- **Data excerpts**
══════════
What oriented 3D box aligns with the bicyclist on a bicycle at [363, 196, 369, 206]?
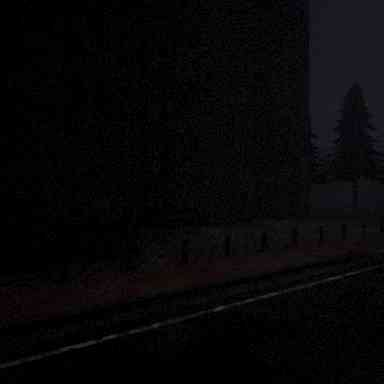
[{"bbox_3d":[23.756,1.314,45.453,1.656,1.620,0.582,0,0,-37],"label":"bicyclist on a bicycle"}]
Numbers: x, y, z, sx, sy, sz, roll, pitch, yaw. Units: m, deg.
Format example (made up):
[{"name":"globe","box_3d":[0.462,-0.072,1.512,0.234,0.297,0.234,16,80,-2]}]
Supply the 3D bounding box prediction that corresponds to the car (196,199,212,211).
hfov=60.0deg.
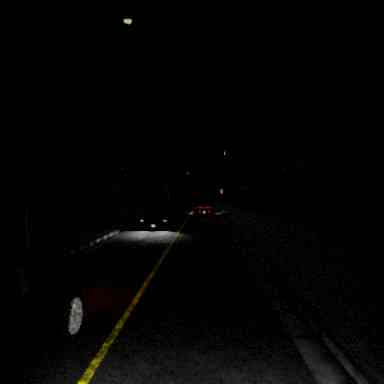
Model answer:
[{"name":"car","box_3d":[1.551,1.617,42.688,1.895,1.301,4.718,0,0,3]}]

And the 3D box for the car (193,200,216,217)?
[{"name":"car","box_3d":[1.178,1.512,31.514,1.837,1.490,4.892,0,0,3]}]

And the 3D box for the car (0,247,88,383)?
[{"name":"car","box_3d":[-2.762,1.461,3.691,1.882,1.535,5.008,0,0,2]}]

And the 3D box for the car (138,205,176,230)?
[{"name":"car","box_3d":[-2.097,1.532,21.439,2.033,1.411,5.357,0,0,2]}]
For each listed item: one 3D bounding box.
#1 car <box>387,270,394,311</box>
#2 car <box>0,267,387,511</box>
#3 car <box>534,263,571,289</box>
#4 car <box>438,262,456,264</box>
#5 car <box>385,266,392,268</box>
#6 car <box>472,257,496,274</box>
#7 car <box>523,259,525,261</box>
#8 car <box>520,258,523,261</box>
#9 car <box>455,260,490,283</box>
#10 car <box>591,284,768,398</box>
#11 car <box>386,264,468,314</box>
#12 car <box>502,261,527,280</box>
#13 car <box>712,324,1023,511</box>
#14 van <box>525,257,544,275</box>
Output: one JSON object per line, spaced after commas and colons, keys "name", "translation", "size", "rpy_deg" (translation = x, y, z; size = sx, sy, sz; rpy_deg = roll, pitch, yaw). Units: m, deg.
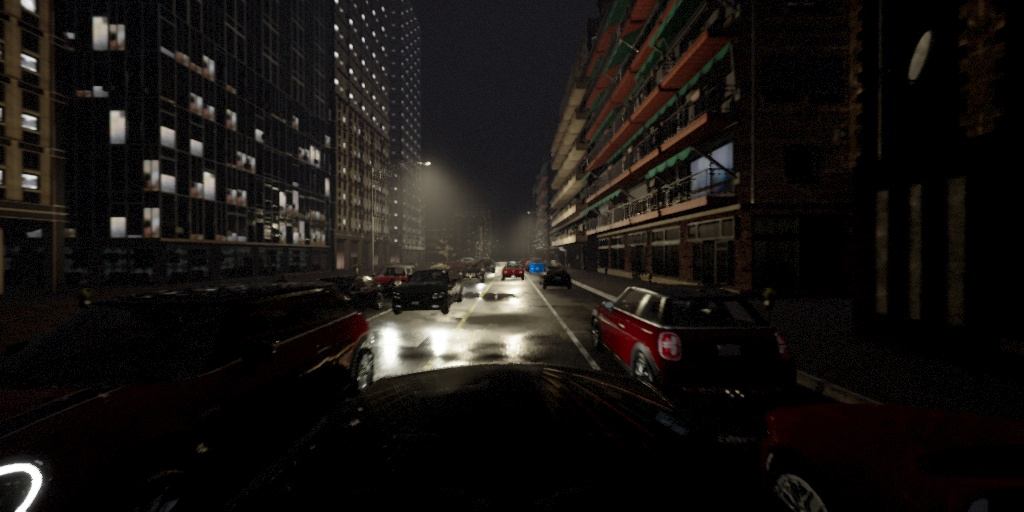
{"name": "car", "translation": [-5.692, 1.316, 11.897], "size": [1.948, 1.339, 4.313], "rpy_deg": [0, 0, 0]}
{"name": "car", "translation": [-3.082, 1.101, 3.420], "size": [2.097, 1.767, 4.553], "rpy_deg": [0, 0, 0]}
{"name": "car", "translation": [2.688, 1.321, 22.951], "size": [1.948, 1.339, 4.313], "rpy_deg": [0, 0, 0]}
{"name": "car", "translation": [-5.693, 1.283, 28.309], "size": [1.751, 1.417, 4.829], "rpy_deg": [0, 0, 0]}
{"name": "car", "translation": [-5.692, 1.192, 17.424], "size": [1.967, 1.591, 4.097], "rpy_deg": [0, 0, 0]}
{"name": "car", "translation": [-3.007, 1.116, 41.579], "size": [2.097, 1.767, 4.553], "rpy_deg": [0, 0, 0]}
{"name": "car", "translation": [2.688, 1.314, 45.062], "size": [1.888, 1.381, 4.507], "rpy_deg": [0, 0, 0]}
{"name": "car", "translation": [0.098, 1.337, 49.908], "size": [1.994, 1.385, 4.181], "rpy_deg": [0, 0, 0]}
{"name": "car", "translation": [-3.009, 1.267, 28.480], "size": [1.837, 1.490, 4.892], "rpy_deg": [0, 0, 0]}
{"name": "car", "translation": [2.688, 1.190, 6.368], "size": [1.967, 1.591, 4.097], "rpy_deg": [0, 0, 0]}
{"name": "car", "translation": [-3.078, 1.229, 13.936], "size": [1.882, 1.535, 5.008], "rpy_deg": [0, 0, 0]}
{"name": "car", "translation": [0.100, 1.361, 31.376], "size": [1.895, 1.301, 4.718], "rpy_deg": [0, 0, 0]}
{"name": "car", "translation": [2.688, 1.295, 0.841], "size": [1.888, 1.381, 4.507], "rpy_deg": [0, 0, 0]}
{"name": "van", "translation": [2.688, 1.106, 39.534], "size": [1.690, 1.789, 3.998], "rpy_deg": [0, 0, 0]}
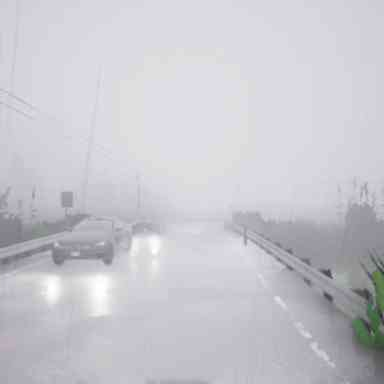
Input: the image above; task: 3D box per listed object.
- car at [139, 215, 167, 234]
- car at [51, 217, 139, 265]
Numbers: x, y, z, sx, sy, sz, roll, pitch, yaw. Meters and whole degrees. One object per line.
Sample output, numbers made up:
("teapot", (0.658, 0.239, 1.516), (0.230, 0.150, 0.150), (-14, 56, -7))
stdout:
("car", (-3.000, 2.330, 24.186), (1.895, 1.301, 4.718), (-1, -4, 3))
("car", (-3.432, 1.662, 12.298), (1.812, 1.442, 4.674), (-1, -2, 2))
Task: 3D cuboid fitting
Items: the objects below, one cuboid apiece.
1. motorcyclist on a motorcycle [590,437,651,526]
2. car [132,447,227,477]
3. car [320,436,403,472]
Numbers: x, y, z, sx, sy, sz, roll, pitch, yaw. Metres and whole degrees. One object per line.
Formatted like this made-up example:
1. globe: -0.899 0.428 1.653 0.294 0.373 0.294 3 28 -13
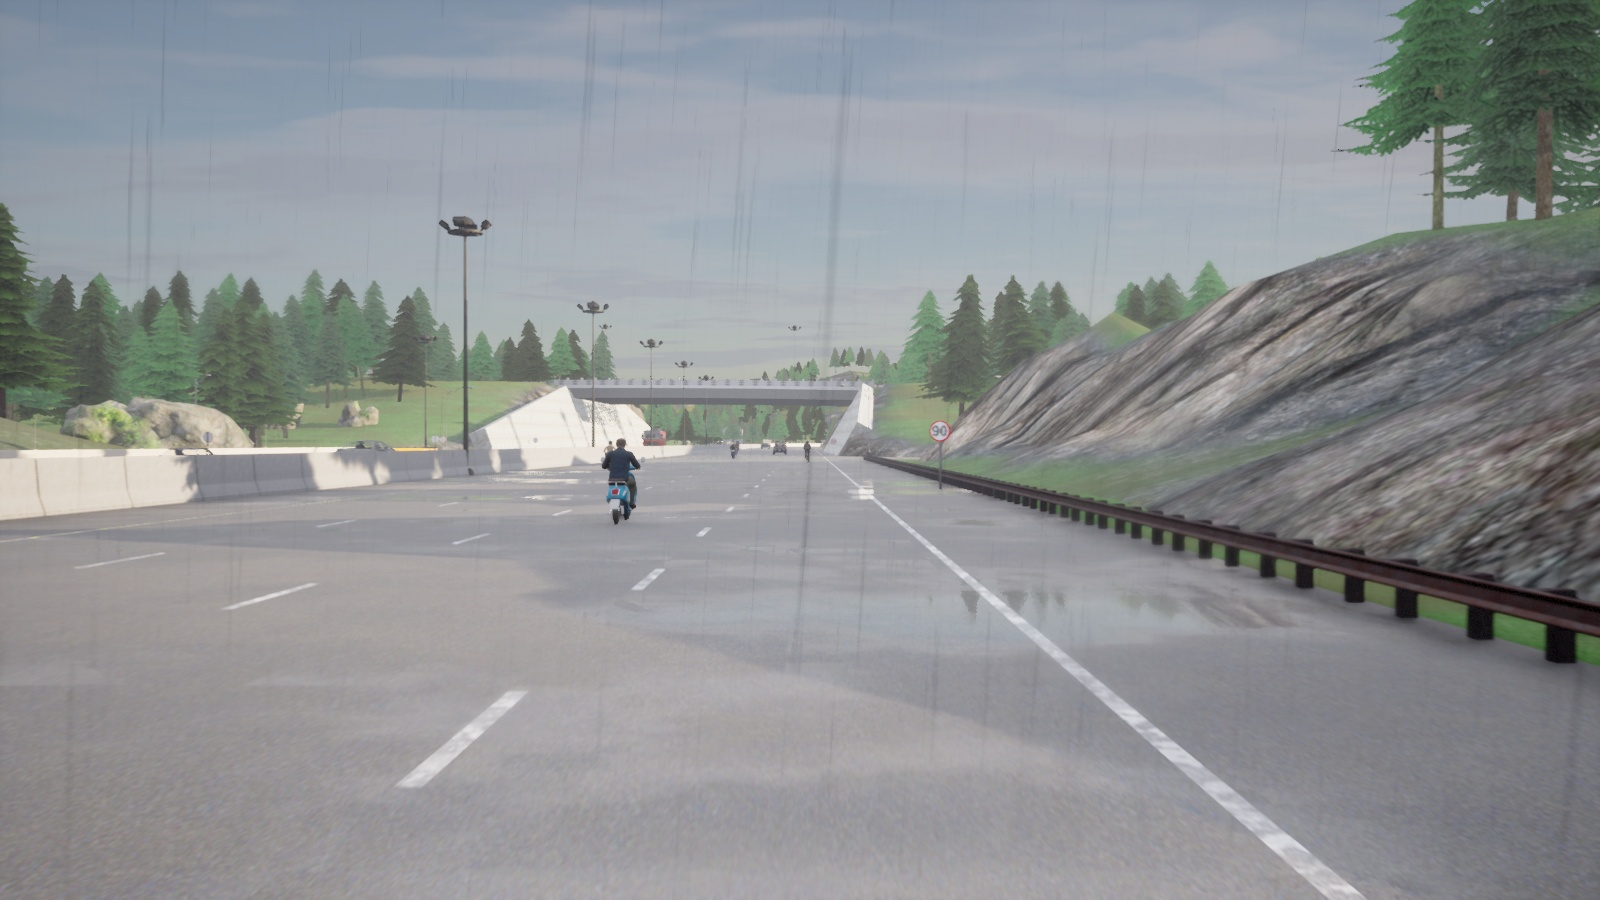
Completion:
1. motorcyclist on a motorcycle: -3.351 0.564 23.560 0.866 1.590 1.817 0 0 0
2. car: -27.666 0.508 56.158 1.895 1.301 4.718 0 0 0
3. car: -20.648 0.174 59.321 2.152 1.651 5.027 0 0 0
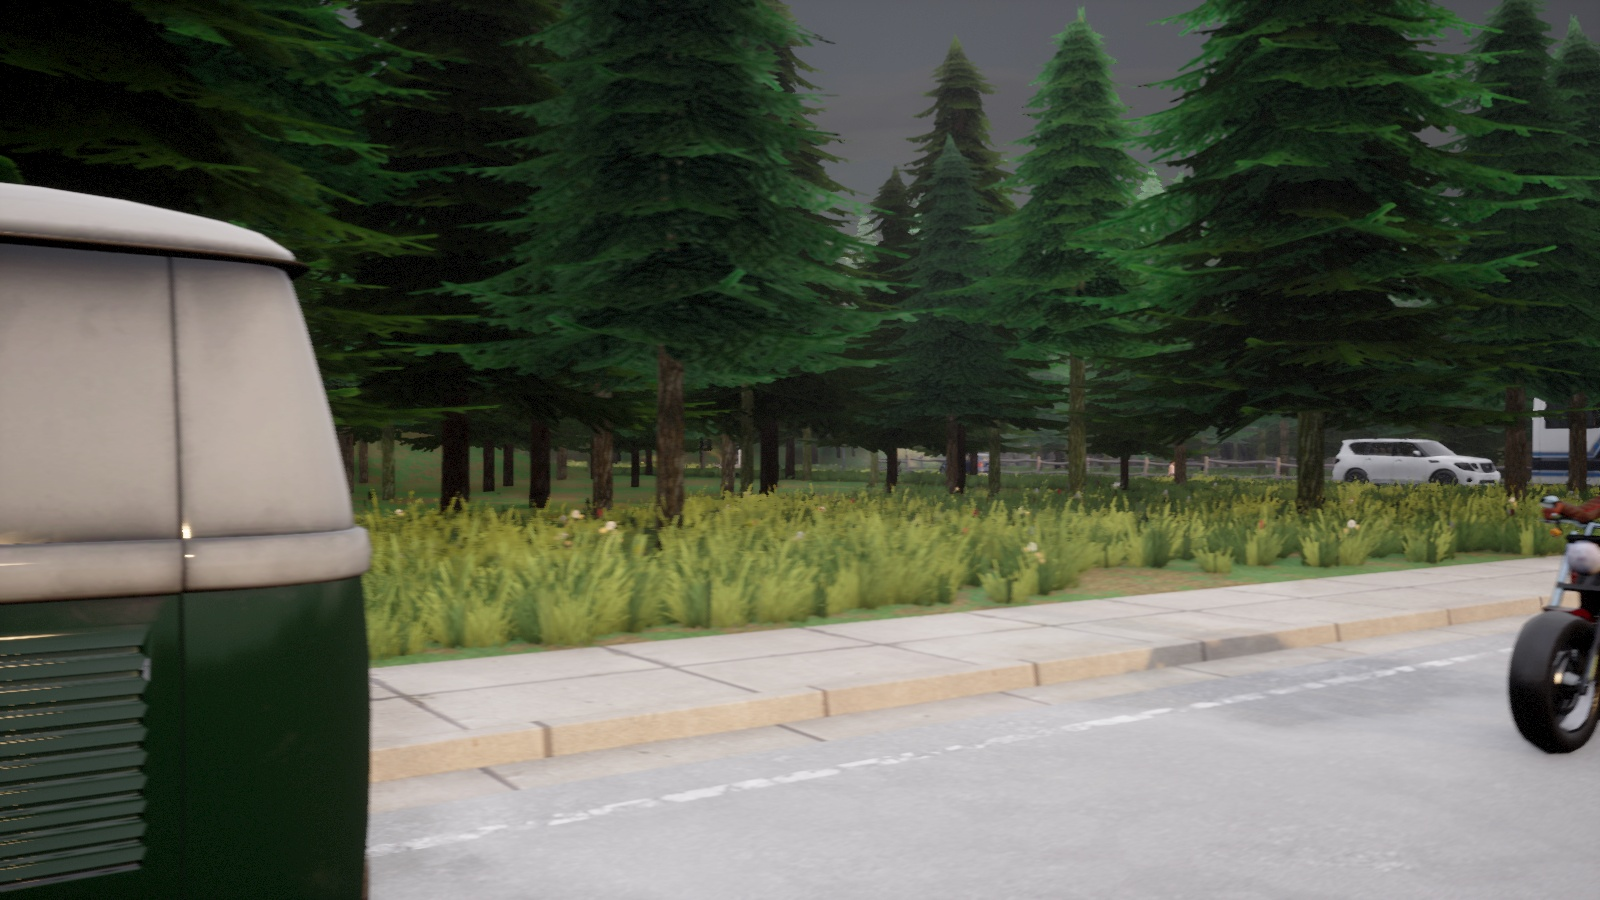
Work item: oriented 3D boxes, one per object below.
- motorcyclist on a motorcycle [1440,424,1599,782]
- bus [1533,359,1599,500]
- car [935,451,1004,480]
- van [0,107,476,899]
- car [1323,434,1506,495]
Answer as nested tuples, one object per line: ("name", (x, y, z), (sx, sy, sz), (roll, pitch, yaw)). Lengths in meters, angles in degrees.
("motorcyclist on a motorcycle", (4.448, 0.702, 6.754), (2.350, 1.649, 0.766), (0, 0, -35))
("bus", (27.501, -0.636, 36.250), (3.944, 4.253, 10.273), (0, 0, -32))
("car", (9.430, 0.848, 70.135), (1.789, 1.549, 3.705), (0, 0, -34))
("van", (-2.894, 0.508, 1.647), (4.442, 1.987, 1.775), (0, 0, -35))
("car", (21.929, 0.494, 45.051), (2.150, 2.045, 5.566), (0, 0, -33))
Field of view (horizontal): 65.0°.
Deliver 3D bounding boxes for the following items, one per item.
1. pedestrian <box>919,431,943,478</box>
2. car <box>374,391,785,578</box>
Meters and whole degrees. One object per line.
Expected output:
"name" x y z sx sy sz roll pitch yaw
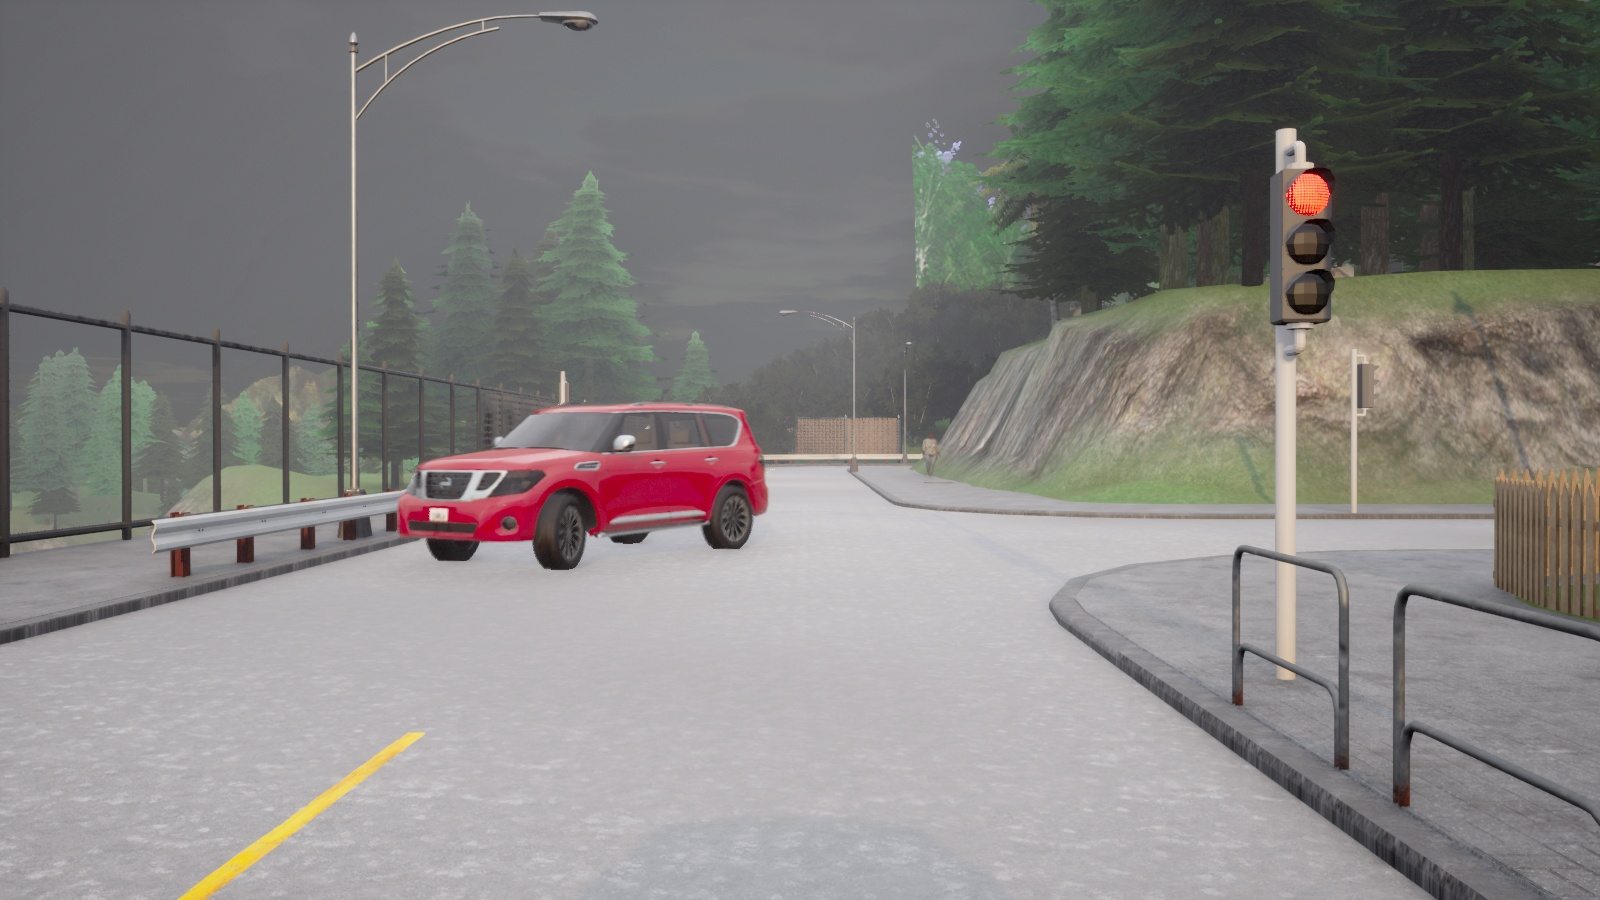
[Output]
"pedestrian" 5.265 0.175 50.628 0.874 1.855 0.900 0 0 -1
"car" -2.642 0.369 16.664 2.150 2.045 5.566 0 0 33
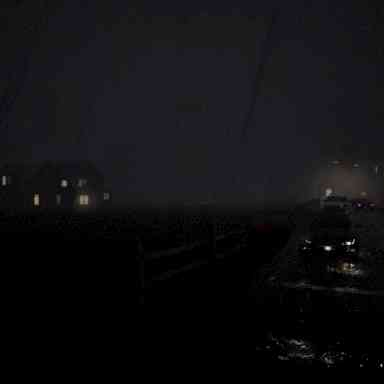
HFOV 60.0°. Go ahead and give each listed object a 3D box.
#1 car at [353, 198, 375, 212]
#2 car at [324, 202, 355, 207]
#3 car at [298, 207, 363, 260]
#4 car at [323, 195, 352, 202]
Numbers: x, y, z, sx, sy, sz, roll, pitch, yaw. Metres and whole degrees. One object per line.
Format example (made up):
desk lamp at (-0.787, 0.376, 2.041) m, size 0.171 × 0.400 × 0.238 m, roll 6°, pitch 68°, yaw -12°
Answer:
══════════
Output the data exactly. Pictures don't belong in the result.

- **TASK SOLUTION**
What oriented 3D box aligns with the bicyclist on a bicycle at [363, 196, 369, 206]?
[{"bbox_3d":[23.756,1.314,45.453,1.656,1.620,0.582,0,0,-37],"label":"bicyclist on a bicycle"}]
Numbers: x, y, z, sx, sy, sz, roll, pitch, yaw. Units: m, deg.
Format example (made up):
[{"name":"globe","box_3d":[0.462,-0.072,1.512,0.234,0.297,0.234,16,80,-2]}]
Supply the 3D bounding box prediction that corresponds to the car (196,199,212,211).
hfov=60.0deg.
Model answer:
[{"name":"car","box_3d":[1.551,1.617,42.688,1.895,1.301,4.718,0,0,3]}]

And the 3D box for the car (193,200,216,217)?
[{"name":"car","box_3d":[1.178,1.512,31.514,1.837,1.490,4.892,0,0,3]}]

And the 3D box for the car (0,247,88,383)?
[{"name":"car","box_3d":[-2.762,1.461,3.691,1.882,1.535,5.008,0,0,2]}]

And the 3D box for the car (138,205,176,230)?
[{"name":"car","box_3d":[-2.097,1.532,21.439,2.033,1.411,5.357,0,0,2]}]
For each listed item: one 3D bounding box.
#1 car <box>387,270,394,311</box>
#2 car <box>0,267,387,511</box>
#3 car <box>534,263,571,289</box>
#4 car <box>438,262,456,264</box>
#5 car <box>385,266,392,268</box>
#6 car <box>472,257,496,274</box>
#7 car <box>523,259,525,261</box>
#8 car <box>520,258,523,261</box>
#9 car <box>455,260,490,283</box>
#10 car <box>591,284,768,398</box>
#11 car <box>386,264,468,314</box>
#12 car <box>502,261,527,280</box>
#13 car <box>712,324,1023,511</box>
#14 van <box>525,257,544,275</box>
Output: one JSON object per line, spaced after commas and colons, keys "name", "translation", "size", "rpy_deg" (translation = x, y, z; size = sx, sy, sz; rpy_deg = roll, pitch, yaw). Units: m, deg.
{"name": "car", "translation": [-5.692, 1.316, 11.897], "size": [1.948, 1.339, 4.313], "rpy_deg": [0, 0, 0]}
{"name": "car", "translation": [-3.082, 1.101, 3.420], "size": [2.097, 1.767, 4.553], "rpy_deg": [0, 0, 0]}
{"name": "car", "translation": [2.688, 1.321, 22.951], "size": [1.948, 1.339, 4.313], "rpy_deg": [0, 0, 0]}
{"name": "car", "translation": [-5.693, 1.283, 28.309], "size": [1.751, 1.417, 4.829], "rpy_deg": [0, 0, 0]}
{"name": "car", "translation": [-5.692, 1.192, 17.424], "size": [1.967, 1.591, 4.097], "rpy_deg": [0, 0, 0]}
{"name": "car", "translation": [-3.007, 1.116, 41.579], "size": [2.097, 1.767, 4.553], "rpy_deg": [0, 0, 0]}
{"name": "car", "translation": [2.688, 1.314, 45.062], "size": [1.888, 1.381, 4.507], "rpy_deg": [0, 0, 0]}
{"name": "car", "translation": [0.098, 1.337, 49.908], "size": [1.994, 1.385, 4.181], "rpy_deg": [0, 0, 0]}
{"name": "car", "translation": [-3.009, 1.267, 28.480], "size": [1.837, 1.490, 4.892], "rpy_deg": [0, 0, 0]}
{"name": "car", "translation": [2.688, 1.190, 6.368], "size": [1.967, 1.591, 4.097], "rpy_deg": [0, 0, 0]}
{"name": "car", "translation": [-3.078, 1.229, 13.936], "size": [1.882, 1.535, 5.008], "rpy_deg": [0, 0, 0]}
{"name": "car", "translation": [0.100, 1.361, 31.376], "size": [1.895, 1.301, 4.718], "rpy_deg": [0, 0, 0]}
{"name": "car", "translation": [2.688, 1.295, 0.841], "size": [1.888, 1.381, 4.507], "rpy_deg": [0, 0, 0]}
{"name": "van", "translation": [2.688, 1.106, 39.534], "size": [1.690, 1.789, 3.998], "rpy_deg": [0, 0, 0]}
Input: the image above; task: 3D box per listed object.
- car at [139, 215, 167, 234]
- car at [51, 217, 139, 265]
Numbers: x, y, z, sx, sy, sz, roll, pitch, yaw. Meters and whole degrees. One object per line.
Sample output, numbers made up:
("teapot", (0.658, 0.239, 1.516), (0.230, 0.150, 0.150), (-14, 56, -7))
stdout:
("car", (-3.000, 2.330, 24.186), (1.895, 1.301, 4.718), (-1, -4, 3))
("car", (-3.432, 1.662, 12.298), (1.812, 1.442, 4.674), (-1, -2, 2))
Task: 3D cuboid fitting
Items: the objects below, one cuboid apiece.
1. motorcyclist on a motorcycle [590,437,651,526]
2. car [132,447,227,477]
3. car [320,436,403,472]
Numbers: x, y, z, sx, sy, sz, roll, pitch, yaw. Metres and whole degrees. One object per line.
Formatted like this made-up example:
1. globe: -0.899 0.428 1.653 0.294 0.373 0.294 3 28 -13
Completion:
1. motorcyclist on a motorcycle: -3.351 0.564 23.560 0.866 1.590 1.817 0 0 0
2. car: -27.666 0.508 56.158 1.895 1.301 4.718 0 0 0
3. car: -20.648 0.174 59.321 2.152 1.651 5.027 0 0 0
Work item: oriented 3D boxes, one per object below.
- motorcyclist on a motorcycle [1440,424,1599,782]
- bus [1533,359,1599,500]
- car [935,451,1004,480]
- van [0,107,476,899]
- car [1323,434,1506,495]
Answer as nested tuples, one object per line: ("name", (x, y, z), (sx, sy, sz), (roll, pitch, yaw)). Lengths in meters, angles in degrees.
("motorcyclist on a motorcycle", (4.448, 0.702, 6.754), (2.350, 1.649, 0.766), (0, 0, -35))
("bus", (27.501, -0.636, 36.250), (3.944, 4.253, 10.273), (0, 0, -32))
("car", (9.430, 0.848, 70.135), (1.789, 1.549, 3.705), (0, 0, -34))
("van", (-2.894, 0.508, 1.647), (4.442, 1.987, 1.775), (0, 0, -35))
("car", (21.929, 0.494, 45.051), (2.150, 2.045, 5.566), (0, 0, -33))
Field of view (horizontal): 65.0°.
Deliver 3D bounding boxes for the following items, one per item.
1. pedestrian <box>919,431,943,478</box>
2. car <box>374,391,785,578</box>
Meters and whole degrees. One object per line.
Expected output:
"name" x y z sx sy sz roll pitch yaw
[Output]
"pedestrian" 5.265 0.175 50.628 0.874 1.855 0.900 0 0 -1
"car" -2.642 0.369 16.664 2.150 2.045 5.566 0 0 33
HFOV 60.0°. Go ahead and give each listed object a 3D box.
#1 car at [353, 198, 375, 212]
#2 car at [324, 202, 355, 207]
#3 car at [298, 207, 363, 260]
#4 car at [323, 195, 352, 202]
Numbers: x, y, z, sx, sy, sz, roll, pitch, yaw. Metres and whole degrees. One object per line.
Format example (made up):
desk lamp at (-0.787, 0.376, 2.041) m, size 0.171 × 0.400 × 0.238 m, roll 6°, pitch 68°, yaw -12°
Answer:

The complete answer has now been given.